Trying to print from inside a method

Alex Martelli aleax at mac.com
Sun Mar 18 19:32:17 EDT 2007


<AWasilenko at gmail.com> wrote:

> I'm still in the process of learning python via a handful of books I
> bought.  One book I am reading just introduced Base Class Methods.  I

I believe your problem may be more basic: local variables, istance
attributes, and class variables, are very separate things.

> found that I needed more understanding on this concept and wrote a
> short test program using the Author's code as a vague reference.  My
> question now really isn't Base Class related, but my question stems
> from my test code so I will just post it as is.
> 
> ##Test of Super() stuff
> class First(object):
> 
>     def __init__(self, wamba, nextel):
>         self.wamba = wamba
>         self.nextel = nextel
>         message1 = "This is message 1"
>         print  message1
> 
>     def message22(self):
>         message2 = "This is message 2"
>         print message2

Here, the message1 and message2 names are LOCAL variables of the
respective methods: each disappear as soon as its method ends.

If you want to make them into INSTANCE attributes, so they'll stick
around for later, assign to self.message1 and self.message2 instead (and
of course use these composite names too if need be).

> Traceback (most recent call last):
>   File "<pyshell#39>", line 1, in -toplevel-
>     print test1.message22.message2
> AttributeError: 'function' object has no attribute 'message2'

this would require making message2 an attribute of another attribute
called message22 -- i.e., the function itself (methods don't have
attributes, but their underlying functions can; the difference is that
separate instances of the method refer to the same underlying function,
so they would all share the same attribute).

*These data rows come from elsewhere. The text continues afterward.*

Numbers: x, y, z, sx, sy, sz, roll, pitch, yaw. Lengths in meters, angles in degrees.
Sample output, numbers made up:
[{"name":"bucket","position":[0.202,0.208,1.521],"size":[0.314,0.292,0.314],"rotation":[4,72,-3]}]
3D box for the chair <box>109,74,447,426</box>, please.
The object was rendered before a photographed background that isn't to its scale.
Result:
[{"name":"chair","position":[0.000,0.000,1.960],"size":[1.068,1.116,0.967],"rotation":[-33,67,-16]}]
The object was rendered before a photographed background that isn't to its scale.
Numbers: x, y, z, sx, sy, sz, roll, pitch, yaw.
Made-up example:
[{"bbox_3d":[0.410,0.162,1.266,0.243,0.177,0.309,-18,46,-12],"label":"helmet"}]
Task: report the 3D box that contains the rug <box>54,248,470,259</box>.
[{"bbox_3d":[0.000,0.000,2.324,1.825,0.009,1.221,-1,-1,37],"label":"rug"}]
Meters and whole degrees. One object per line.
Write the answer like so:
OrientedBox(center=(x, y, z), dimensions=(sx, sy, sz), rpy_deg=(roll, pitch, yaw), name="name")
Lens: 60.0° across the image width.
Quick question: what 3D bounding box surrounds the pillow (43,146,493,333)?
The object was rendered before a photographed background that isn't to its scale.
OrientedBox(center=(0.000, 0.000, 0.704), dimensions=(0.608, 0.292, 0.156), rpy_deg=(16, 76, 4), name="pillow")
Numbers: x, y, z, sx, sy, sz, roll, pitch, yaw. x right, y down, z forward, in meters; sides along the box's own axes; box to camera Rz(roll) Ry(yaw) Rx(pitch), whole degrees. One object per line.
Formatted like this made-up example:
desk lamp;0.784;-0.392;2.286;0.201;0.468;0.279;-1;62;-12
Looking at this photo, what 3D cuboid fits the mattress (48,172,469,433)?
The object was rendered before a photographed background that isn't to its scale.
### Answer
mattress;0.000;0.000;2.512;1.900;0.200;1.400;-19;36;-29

IOW, you'd have in the body of message22 to write:

  self.message22.mesage2 = whatever

This would be pretty weird, but legal Python.

This would only work if you CALLED test1.message22() at some point, of
course; the method's body is not executed until you call it.  If you
want this attribute to appear w/o the need to call the method, you need
to assign it in the body of class First after the end of the def for
message22:

  def message22(self): ...whatever...

  message22.message2 = ...whatever else...

Weirder and weirder, but still legal Python.

> >>> print test1.message2
> 
> Traceback (most recent call last):
>   File "<pyshell#40>", line 1, in -toplevel-
>     print test1.message2
> AttributeError: 'First' object has no attribute 'message2'

And this is the one you'd solve by having, in the method's body,

  self.message2 = ...blah blah...

but only after the method has been called (move this assignment to
__init__ if you want it to take action without need to call the method).

> >>> print First.message22.message2
> 
> Traceback (most recent call last):
>   File "<pyshell#41>", line 1, in -toplevel-
>     print First.message22.message2
> AttributeError: 'function' object has no attribute 'message2'

This, again, you'd fix by assigning to the attribute of function
message22, just like the very first case.


To recap: attributes can be accessed on the objects you have assigned
them too (with some latitude: you can access on an instance an attribute
of its class or any baseclass thereof, you can access on a method an
attribute of is underlying function).  Local variables -- assignment you
do within a function (or method) to bare names -- disappear as soon as
the method (or function) is done executing.